Evaluating Search Relevance Using a Gold Standard Retrieval Dataset
Author: Jo Kristian Bergum from Vespa.ai blog Link: https://blog.vespa.ai/improving-retrieval-with-llm-as-a-judge/
Key Idea
- The post discusses how to create a reusable retrieval evaluation dataset using LLMs as judges, specifically for improving search relevance
- This dataset can be used to :
- Enable offline evaluation to compare the relevance results of different ranking methods (e.g., answering questions like: “Will Cohere embeddings perform better than the current search algorithm?“)
- Serve as a training set for machine learning algorithms, such as LTR
- Enable the reporting of “Relevance” as a metric
- Identify opportunities for improvement in the current ranking algorithm
Method
The author used https://search.vespa.ai as a simplified example to generate the retrieval dataset.

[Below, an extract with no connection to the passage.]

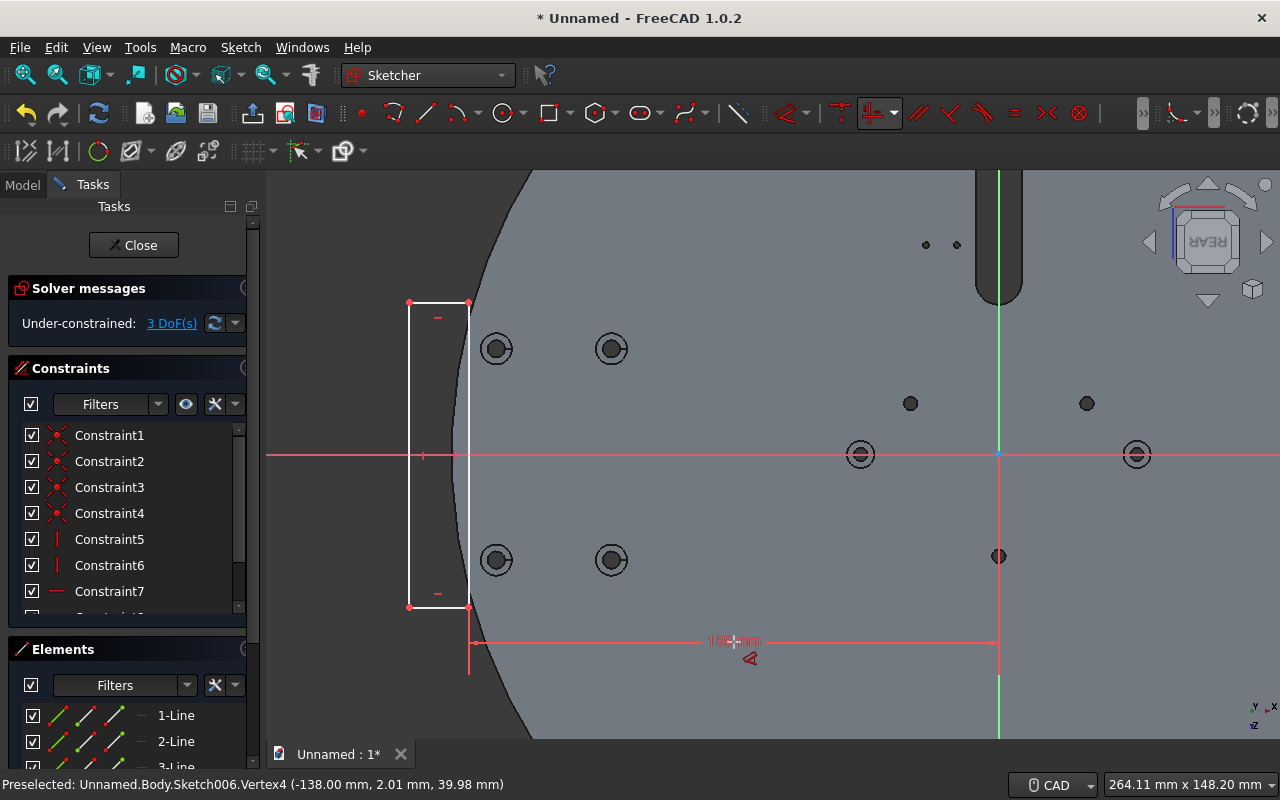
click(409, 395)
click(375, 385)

- *Step 1: Sample the Queries
- Most TREC query sets have < 100 queries, which is a fair number to start with
- The author uses 386 queries (unique queries in the last month)
- See more discussion on Query Sampling Strategy
- *Step 2: Sample Documents for each Query :
- Apply simple ranking algorithms(e.g. bm25 or production algorithm) to collect sample documents. This is also known as pooling in IR evaluations.

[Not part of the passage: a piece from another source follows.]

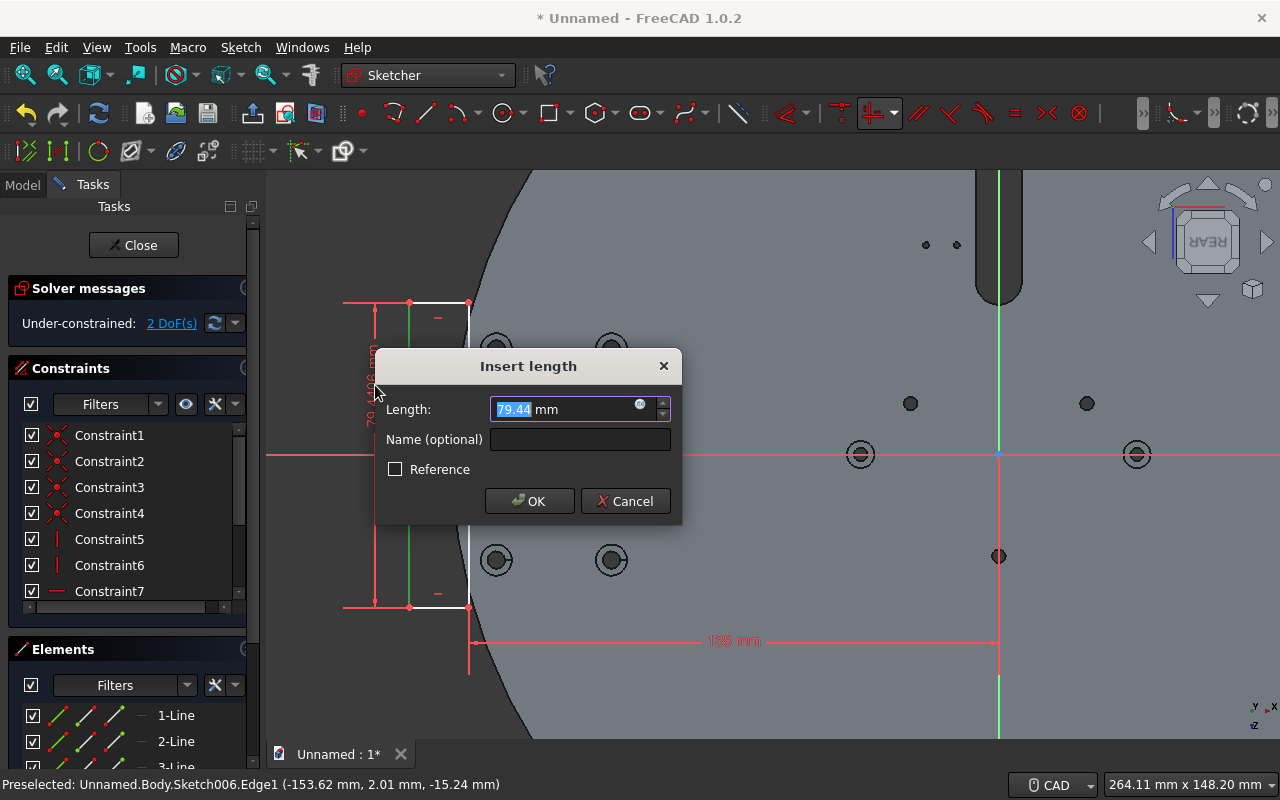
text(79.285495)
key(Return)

- Use multiple ranking algorithms to avoid bias from a specific algorithm.
- The author uses the top 10 results from 6 different ranking method (bm25, embeddings, 3 different kind of hybrid ranking, cross-encodes).

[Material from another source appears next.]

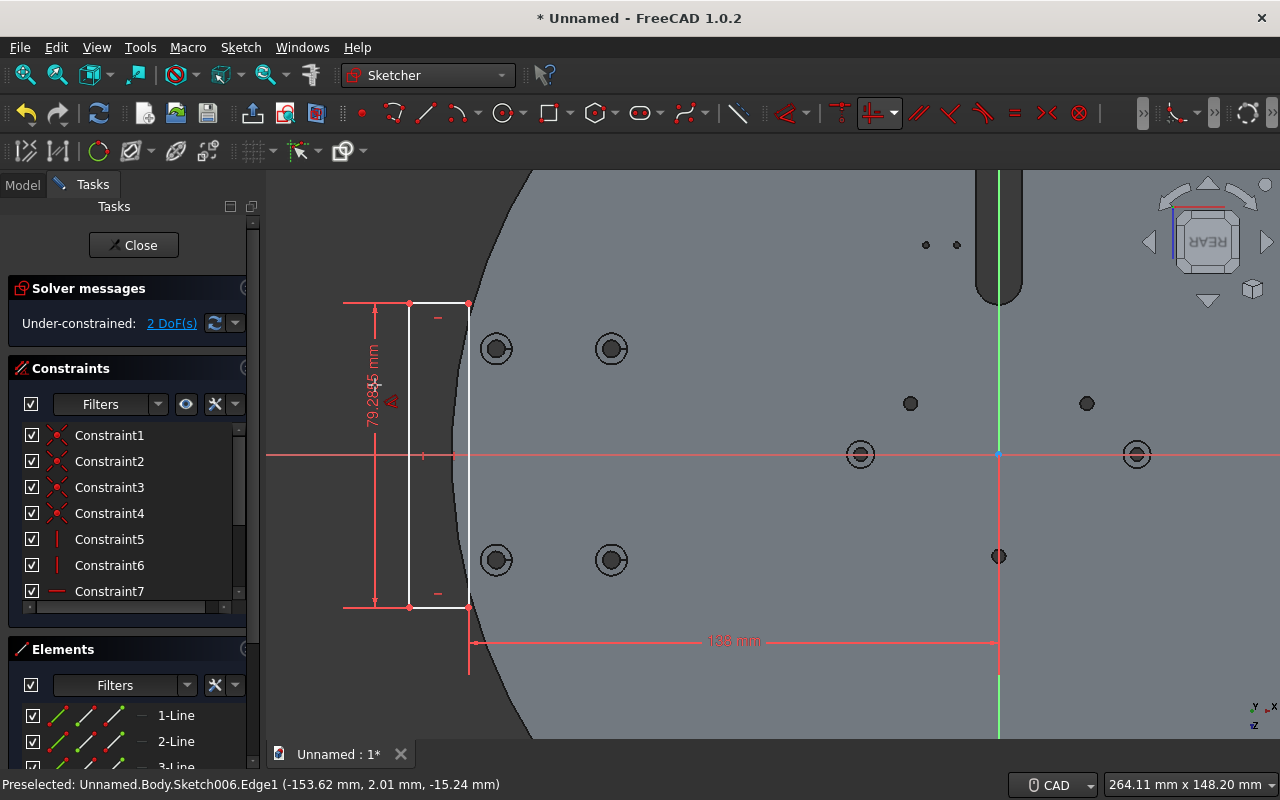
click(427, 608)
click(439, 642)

- On average, 26 documents are sampled for each query
- *Step 3: Define Judging Rules and Evaluation Metrics
- Use the relevancy triplets: highly relevant = 2, relevant = 1, and irrelevant = 0
- Metrics considered:
- Precision @ K, Recall @ K
- nDCG @K
- *Step 4: Evaluate the Prompt for _LLM as Judge
- The authors use a subset of queries and documents to evaluate the effectiveness of the “LLM as judge” prompt:
- Subset contains 26 queries with 3 documents each
- Collecting human judgements
- human spend ~ 1 hour 26 * 3 = ~ 90 query document pair with relevancy triplets.
- Collect LLM judgements
- use GPT4o to judge the same. See prompt in original article which applied few-shot prompting technique
- Comparison of human and LLM results (showing promising alignment):
- Direct comparison: Only 2 out of 90 judgments differed > 1 relevancy level
- nDCG comparison: use different ranking algorithm to calculate nDCG score using both human and LLM judgement. 0.97 correlation across ranking algorithms
- Direct comparison: Only 2 out of 90 judgments differed > 1 relevancy level
- The authors use a subset of queries and documents to evaluate the effectiveness of the “LLM as judge” prompt:
- *Step 5: Create the Gold Standard Dataset for Relevancy Evaluation
- Repeat Step 4 with the entire query and document samples:
- Query Dataset: use 386 queries
- Document Set: Use top 10 results of 6 different ranking methods (BM25, cosine-similarity, hybrid1, 2, 3, cross)
- In total: Evaluate 10K unique query-document pairs
- Generate the judgment list result using the LLM prompt from Step 4
- Repeat Step 4 with the entire query and document samples:
- Step 6: Evaluate Ranking Methods with gold standard dataset
- With the golden standard dataset, we can now evaluate different ranking algorithms using the following metrics:
- Primary metrics: nDCG@10
- Guardrail metrics: Judged@10: to see if all top 10 results are judged and identify any holes in the evaluation
- This dataset can also be used to evaluate learning-to-rank models. If we choose to do so, we should have another test set to evaluate the results.
- With the golden standard dataset, we can now evaluate different ranking algorithms using the following metrics:
Discussion:
- Query Sampling Strategy:
- For most search websites, we will likely need a more aggressive sampling strategy to ensure representative query coverage
- We could take a stratified sampling based on query frequency, seasonality, or product categories
- Include head, torso, tail queries. (OR Head queries might be sufficient for optimizing high-traffic scenarios)
- Incorporate product-driven or domain-specific query types (e.g. company specific terms)
- For most search websites, we will likely need a more aggressive sampling strategy to ensure representative query coverage
- For most production systems, we already have implicit feedback and user interactions (like clicks, skips). How can we use these results to improve the judgment list? Or should we? Are there bias concerns from historical data?